• _Problem details_:
The reply should contain all the data below, repeated exactly, and none of the images.
Given data section start
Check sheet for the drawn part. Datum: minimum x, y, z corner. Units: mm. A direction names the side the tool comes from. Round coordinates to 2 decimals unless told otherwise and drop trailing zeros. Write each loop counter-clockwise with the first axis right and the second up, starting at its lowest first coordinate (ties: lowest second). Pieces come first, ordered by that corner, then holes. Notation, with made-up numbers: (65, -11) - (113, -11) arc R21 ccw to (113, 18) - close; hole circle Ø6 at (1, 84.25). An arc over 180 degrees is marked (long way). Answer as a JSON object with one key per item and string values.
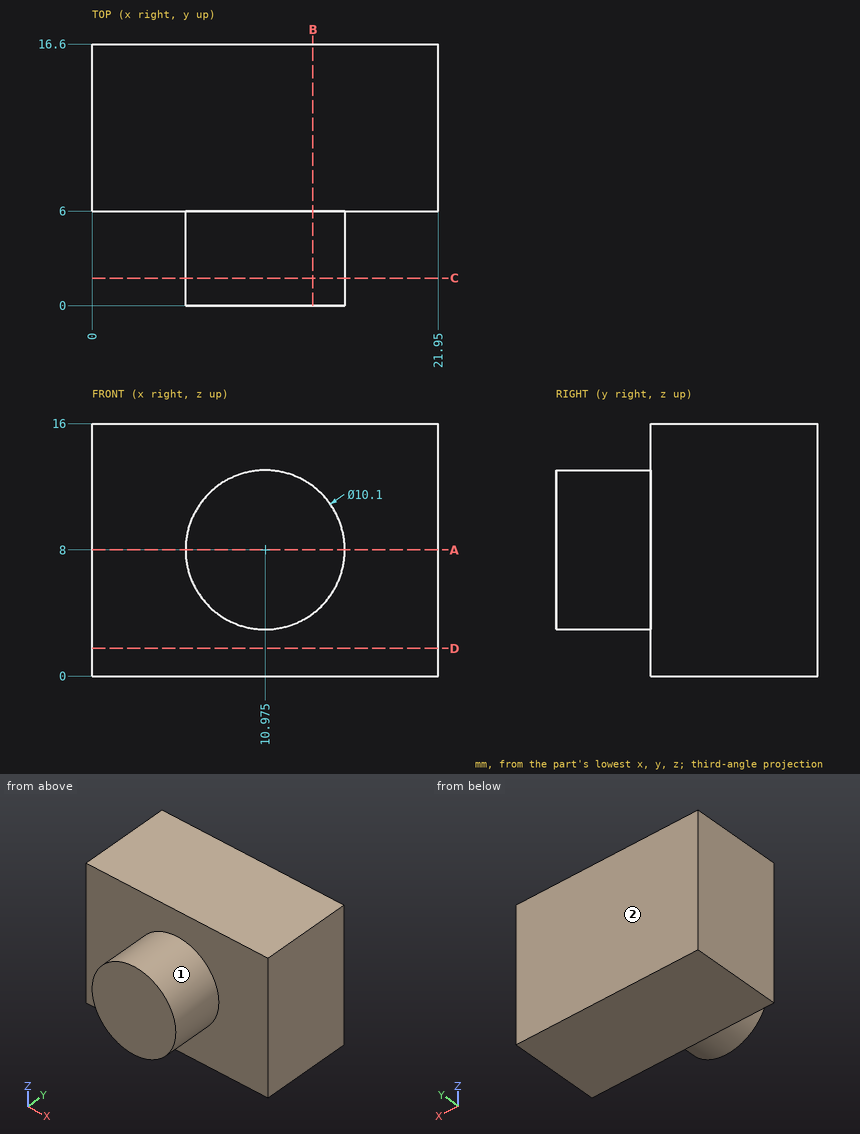
Q1. Section check D-D, the plane z = 1.75. Record the cut outline in (x, y).
Geometry check:
{"outline": "(0, 6) - (21.95, 6) - (21.95, 16.6) - (0, 16.6) - close"}
Q2. Set-up check for the marked faces 1 and 2: record each of +Z, -Z, +X, -X, +Y, -Y from which the full face is reachable in a straight line by a thin tool's end or side.
Geometry check:
{"face 1": "-Y", "face 2": "+Z, -Z, +X, -X, +Y"}
Q3. Section check B-B, the plane x = 14. Record the cut outline in (y, z).
Geometry check:
{"outline": "(0, 3.96) - (6, 3.96) - (6, 0) - (16.6, 0) - (16.6, 16) - (6, 16) - (6, 12.04) - (0, 12.04) - close"}
Q4. Section check C-C, the plane y = 1.75. Record the cut outline in (x, z) (3 decimals).
Geometry check:
{"outline": "circle Ø10.1 at (10.975, 8)"}
Q5. Section check A-A, the plane z = 8. Record the cut outline in (x, y) (3 decimals).
Geometry check:
{"outline": "(0, 6) - (5.925, 6) - (5.925, 0) - (16.025, 0) - (16.025, 6) - (21.95, 6) - (21.95, 16.6) - (0, 16.6) - close"}
Q6. Material ranges on line 1 along Y through (x, z) = (4, 4.25); line 2 along Z through (x, y) = (15.5, 4); line 3 along Z through (x, y) = (14.25, 3), recorded low to high. Write a range as [from, to].
Geometry check:
{"line 1": "y = [6, 16.6]", "line 2": "z = [5.76, 10.24]", "line 3": "z = [4.16, 11.84]"}
```python
from build123d import *

# Parameters (mm, degrees)
SALIENTE_EXTRUIR1_DEPTH       = 95.25
TALADRO_DE_MARGEN_PARA_1_41_D = 6.7564


with BuildPart() as part:
    # Croquis1 → Saliente-Extruir1 (new, symmetric)
    with BuildSketch(Plane.XY):
        Polygon((-1.35, -25), (6.35, -5), (6.35, 25), (-6.35, 25), (-6.35, -25), align=None)
    extrude(amount=SALIENTE_EXTRUIR1_DEPTH, both=True)

    # Taladro de margen para 1/41 (through all)
    with Locations(Plane(origin=(6.35, 0, 0), x_dir=(0, 0, -1), z_dir=(1, 0, 0))):
        with Locations((-45.25, 0), (45.25, 0)):
            Hole(TALADRO_DE_MARGEN_PARA_1_41_D / 2)

    # Croquis7 → Taladro roscado 3/8-161 (revolve, cut)
    with BuildSketch(Plane(origin=(6.35, 15, 0), x_dir=(0, 0, -1), z_dir=(0, 1, 0))):
        Polygon((0, 0), (0, 12.7), (5.3975, 12.7), (3.96875, 11.27125), (3.96875, 1.42875), (5.3975, 0), align=None)
    revolve(axis=Axis((12.7, 15, 0), (-1, 0, 0)), mode=Mode.SUBTRACT)


solid = part.part
```
Check sheet for the modelled part. Datum: model origin and axes. Units: mm. Round coordinates to 2 decimals unless told otherwise and drop trailing zeros. Loops run counter-clockwise (first coordinate to the right, second up) from the corner with the lowest first, then second, coordinate; pieces in that order, holes last. Notation, with made-up numbers: (72, 31.5) -> (128, 31.5) arc R10 cw to (128, 42.5) -> close; hole circle Ø1 at (-39.5, 71). An arc over 180 degrees is marked (long way). Answer in a Markdown table with one row per item.
Q1. Thickness scan on L1, parallel to Z at x = 0, y = 15; L2, parallel to Y at x = -2.5, z = -45.25; L3, parallel to Z at x = 2, y = -1. Record the ranges inside material, lowest first.
Data:
| item | result |
|---|---|
| L1 | z = -95.25 to -3.97, 3.97 to 95.25 |
| L2 | y = -25 to -3.38, 3.38 to 25 |
| L3 | z = -95.25 to -48.48, -42.02 to 42.02, 48.48 to 95.25 |
Q2. Sectioned sample at D-D on x = 1.5. Enter the section's corners in (y, z).
Data:
| item | result |
|---|---|
| outline | (-17.6, -95.25) -> (25, -95.25) -> (25, 95.25) -> (-17.6, 95.25) -> close; hole circle Ø6.76 at (0, -45.25); hole circle Ø6.76 at (0, 45.25); hole circle Ø7.94 at (15, 0) |
Q3. Sectioned sample at B-B on y = 0. Enter the section's corners in (x, z).
Data:
| item | result |
|---|---|
| outline | (-6.35, -95.25) -> (6.35, -95.25) -> (6.35, -48.63) -> (-6.35, -48.63) -> close; (-6.35, -41.87) -> (6.35, -41.87) -> (6.35, 41.87) -> (-6.35, 41.87) -> close; (-6.35, 48.63) -> (6.35, 48.63) -> (6.35, 95.25) -> (-6.35, 95.25) -> close |
Q4. Go/stop test with a flat-tipped pin: P1, Ø10.5, axis at y = 15, z = 0, coming from the -X side. Record where the tip stops, or that it passes through.
Data:
| item | result |
|---|---|
| P1 | stops at x = -6.2 |
Q5. Sectioned sample at A-A on z = 0. Enter the section's corners in (x, y), then the cut area to 3 significant figures.
Data:
| item | result |
|---|---|
| outline | (-6.35, -25) -> (-1.35, -25) -> (6.35, -5) -> (6.35, 9.6) -> (4.92, 11.03) -> (-4.92, 11.03) -> (-6.35, 9.6) -> close; (-6.35, 20.4) -> (-4.92, 18.97) -> (4.92, 18.97) -> (6.35, 20.4) -> (6.35, 25) -> (-6.35, 25) -> close |
| area | 453 mm^2 |
Q6. Sectioned sample at C-C on z = -45.25. Enter the section's corners in (x, y).
Data:
| item | result |
|---|---|
| outline | (-6.35, -25) -> (-1.35, -25) -> (6.35, -5) -> (6.35, -3.38) -> (-6.35, -3.38) -> close; (-6.35, 3.38) -> (6.35, 3.38) -> (6.35, 25) -> (-6.35, 25) -> close |
Q7. Release check for a two-part mould opening along Y. For faces 1 (the face through (0, 0, -95.25)), 2 (the face through (0, 25, 1)), 3 (the face through (0.069, 11.065, 0.517)) record: released by +Y, released by -Y, zero draft, split by the parting line, or undercut.
Data:
| item | result |
|---|---|
| face 1 | zero draft |
| face 2 | released by +Y |
| face 3 | undercut |
Given data section end
• _Result_:
Check sheet for the drawn part. Datum: minimum x, y, z corner. Units: mm. A direction names the side the tool comes from. Round coordinates to 2 decimals unless told otherwise and drop trailing zeros. Write each loop counter-clockwise with the first axis right and the second up, starting at its lowest first coordinate (ties: lowest second). Pieces come first, ordered by that corner, then holes. Notation, with made-up numbers: (65, -11) - (113, -11) arc R21 ccw to (113, 18) - close; hole circle Ø6 at (1, 84.25). An arc over 180 degrees is marked (long way). Answer as a JSON object with one key per item and string values.
Q1. Section check D-D, the plane z = 1.75. Record the cut outline in (x, y).
Geometry check:
{"outline": "(0, 6) - (21.95, 6) - (21.95, 16.6) - (0, 16.6) - close"}
Q2. Set-up check for the marked faces 1 and 2: record each of +Z, -Z, +X, -X, +Y, -Y from which the full face is reachable in a straight line by a thin tool's end or side.
Geometry check:
{"face 1": "-Y", "face 2": "+Z, -Z, +X, -X, +Y"}
Q3. Section check B-B, the plane x = 14. Record the cut outline in (y, z).
Geometry check:
{"outline": "(0, 3.96) - (6, 3.96) - (6, 0) - (16.6, 0) - (16.6, 16) - (6, 16) - (6, 12.04) - (0, 12.04) - close"}
Q4. Section check C-C, the plane y = 1.75. Record the cut outline in (x, z) (3 decimals).
Geometry check:
{"outline": "circle Ø10.1 at (10.975, 8)"}
Q5. Section check A-A, the plane z = 8. Record the cut outline in (x, y) (3 decimals).
Geometry check:
{"outline": "(0, 6) - (5.925, 6) - (5.925, 0) - (16.025, 0) - (16.025, 6) - (21.95, 6) - (21.95, 16.6) - (0, 16.6) - close"}
Q6. Material ranges on line 1 along Y through (x, z) = (4, 4.25); line 2 along Z through (x, y) = (15.5, 4); line 3 along Z through (x, y) = (14.25, 3), recorded low to high. Write a range as [from, to].
Geometry check:
{"line 1": "y = [6, 16.6]", "line 2": "z = [5.76, 10.24]", "line 3": "z = [4.16, 11.84]"}
```python
from build123d import *

# Parameters (mm, degrees)
SALIENTE_EXTRUIR1_DEPTH       = 95.25
TALADRO_DE_MARGEN_PARA_1_41_D = 6.7564


with BuildPart() as part:
    # Croquis1 → Saliente-Extruir1 (new, symmetric)
    with BuildSketch(Plane.XY):
        Polygon((-1.35, -25), (6.35, -5), (6.35, 25), (-6.35, 25), (-6.35, -25), align=None)
    extrude(amount=SALIENTE_EXTRUIR1_DEPTH, both=True)

    # Taladro de margen para 1/41 (through all)
    with Locations(Plane(origin=(6.35, 0, 0), x_dir=(0, 0, -1), z_dir=(1, 0, 0))):
        with Locations((-45.25, 0), (45.25, 0)):
            Hole(TALADRO_DE_MARGEN_PARA_1_41_D / 2)

    # Croquis7 → Taladro roscado 3/8-161 (revolve, cut)
    with BuildSketch(Plane(origin=(6.35, 15, 0), x_dir=(0, 0, -1), z_dir=(0, 1, 0))):
        Polygon((0, 0), (0, 12.7), (5.3975, 12.7), (3.96875, 11.27125), (3.96875, 1.42875), (5.3975, 0), align=None)
    revolve(axis=Axis((12.7, 15, 0), (-1, 0, 0)), mode=Mode.SUBTRACT)


solid = part.part
```
Check sheet for the modelled part. Datum: model origin and axes. Units: mm. Round coordinates to 2 decimals unless told otherwise and drop trailing zeros. Loops run counter-clockwise (first coordinate to the right, second up) from the corner with the lowest first, then second, coordinate; pieces in that order, holes last. Notation, with made-up numbers: (72, 31.5) -> (128, 31.5) arc R10 cw to (128, 42.5) -> close; hole circle Ø1 at (-39.5, 71). An arc over 180 degrees is marked (long way). Answer in a Markdown table with one row per item.
Q1. Thickness scan on L1, parallel to Z at x = 0, y = 15; L2, parallel to Y at x = -2.5, z = -45.25; L3, parallel to Z at x = 2, y = -1. Record the ranges inside material, lowest first.
Data:
| item | result |
|---|---|
| L1 | z = -95.25 to -3.97, 3.97 to 95.25 |
| L2 | y = -25 to -3.38, 3.38 to 25 |
| L3 | z = -95.25 to -48.48, -42.02 to 42.02, 48.48 to 95.25 |
Q2. Sectioned sample at D-D on x = 1.5. Enter the section's corners in (y, z).
Data:
| item | result |
|---|---|
| outline | (-17.6, -95.25) -> (25, -95.25) -> (25, 95.25) -> (-17.6, 95.25) -> close; hole circle Ø6.76 at (0, -45.25); hole circle Ø6.76 at (0, 45.25); hole circle Ø7.94 at (15, 0) |
Q3. Sectioned sample at B-B on y = 0. Enter the section's corners in (x, z).
Data:
| item | result |
|---|---|
| outline | (-6.35, -95.25) -> (6.35, -95.25) -> (6.35, -48.63) -> (-6.35, -48.63) -> close; (-6.35, -41.87) -> (6.35, -41.87) -> (6.35, 41.87) -> (-6.35, 41.87) -> close; (-6.35, 48.63) -> (6.35, 48.63) -> (6.35, 95.25) -> (-6.35, 95.25) -> close |
Q4. Go/stop test with a flat-tipped pin: P1, Ø10.5, axis at y = 15, z = 0, coming from the -X side. Record where the tip stops, or that it passes through.
Data:
| item | result |
|---|---|
| P1 | stops at x = -6.2 |
Q5. Sectioned sample at A-A on z = 0. Enter the section's corners in (x, y), then the cut area to 3 significant figures.
Data:
| item | result |
|---|---|
| outline | (-6.35, -25) -> (-1.35, -25) -> (6.35, -5) -> (6.35, 9.6) -> (4.92, 11.03) -> (-4.92, 11.03) -> (-6.35, 9.6) -> close; (-6.35, 20.4) -> (-4.92, 18.97) -> (4.92, 18.97) -> (6.35, 20.4) -> (6.35, 25) -> (-6.35, 25) -> close |
| area | 453 mm^2 |
Q6. Sectioned sample at C-C on z = -45.25. Enter the section's corners in (x, y).
Data:
| item | result |
|---|---|
| outline | (-6.35, -25) -> (-1.35, -25) -> (6.35, -5) -> (6.35, -3.38) -> (-6.35, -3.38) -> close; (-6.35, 3.38) -> (6.35, 3.38) -> (6.35, 25) -> (-6.35, 25) -> close |
Q7. Release check for a two-part mould opening along Y. For faces 1 (the face through (0, 0, -95.25)), 2 (the face through (0, 25, 1)), 3 (the face through (0.069, 11.065, 0.517)) record: released by +Y, released by -Y, zero draft, split by the parting line, or undercut.
Data:
| item | result |
|---|---|
| face 1 | zero draft |
| face 2 | released by +Y |
| face 3 | undercut |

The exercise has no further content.